🤖 AI Summary
This work addresses the critical need in wireless localization to output a posterior position distribution with explicit uncertainty quantification. We propose Monte Carlo Candidate Likelihood Estimation (MC-CLE), which formulates localization as a Bayesian posterior inference problem—inferring the transmitter’s location from multi-antenna channel measurements. MC-CLE employs a neural network to score candidate positions via likelihood estimation and trains this scorer using Monte Carlo sampling, explicitly incorporating physical characteristics such as antenna radiation patterns and angular ambiguities. Unlike baseline methods relying on simplistic Gaussian or uniform priors, MC-CLE end-to-end produces high-fidelity posterior distributions. In line-of-sight online simulations, it significantly reduces cross-entropy loss and more accurately captures complex spatial likelihood structures.
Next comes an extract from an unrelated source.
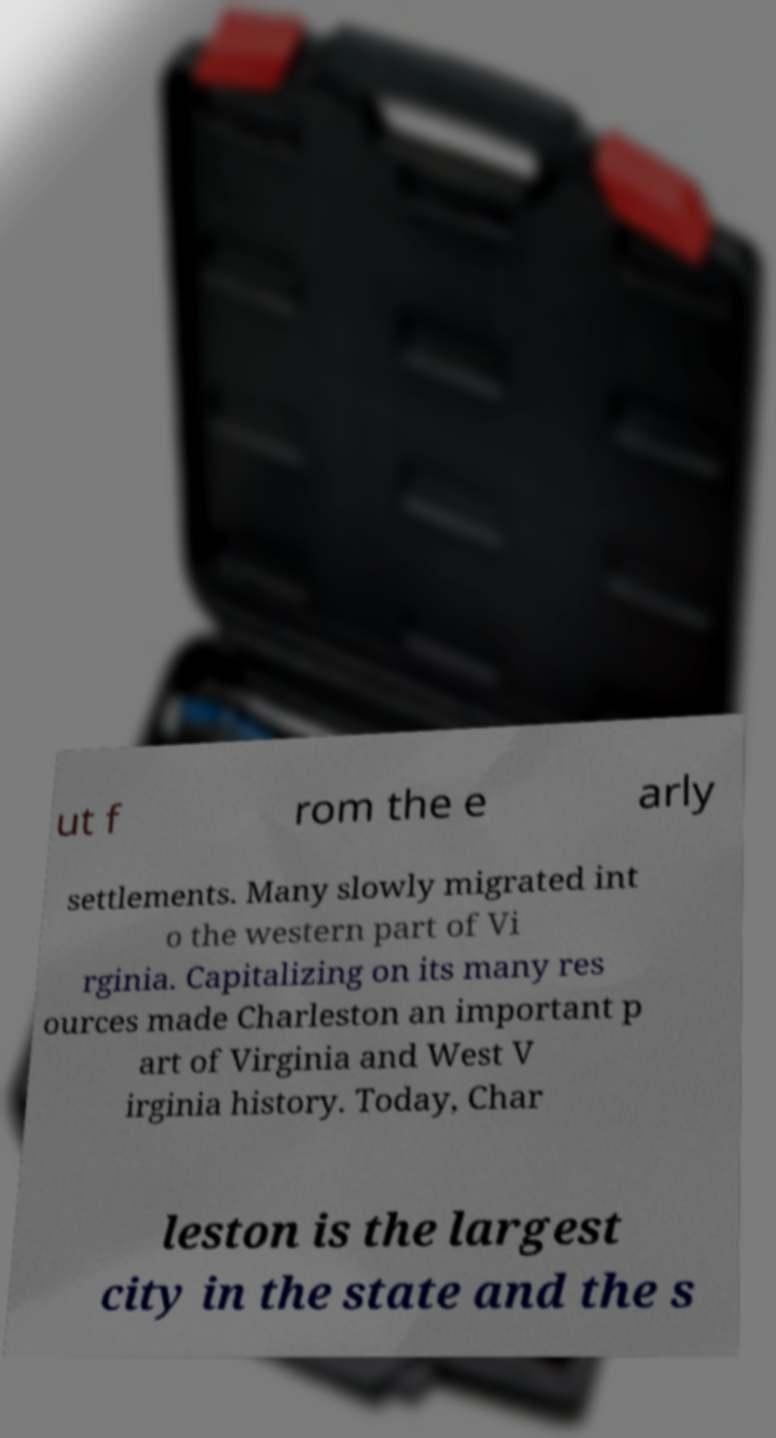Could you assist in decoding the text presented in this image and type it out clearly? ut f rom the e arly settlements. Many slowly migrated int o the western part of Vi rginia. Capitalizing on its many res ources made Charleston an important p art of Virginia and West V irginia history. Today, Char leston is the largest city in the state and the s

The resulting calibrated uncertainty estimates provide robust support for intelligent planning, control, and resource management in wireless systems.
📝 Abstract
Modern wireless systems require not only position estimates, but also quantified uncertainty to support planning, control, and radio resource management. We formulate localization as posterior inference of an unknown transmitter location from receiver measurements. We propose Monte Carlo Candidate-Likelihood Estimation (MC-CLE), which trains a neural scoring network using Monte Carlo sampling to compare true and candidate transmitter locations. We show that in line-of-sight simulations with a multi-antenna receiver, MC-CLE learns critical properties including angular ambiguity and front-to-back antenna patterns. MC-CLE also achieves lower cross-entropy loss relative to a uniform baseline and Gaussian posteriors. alternatives under a uniform-loss metric.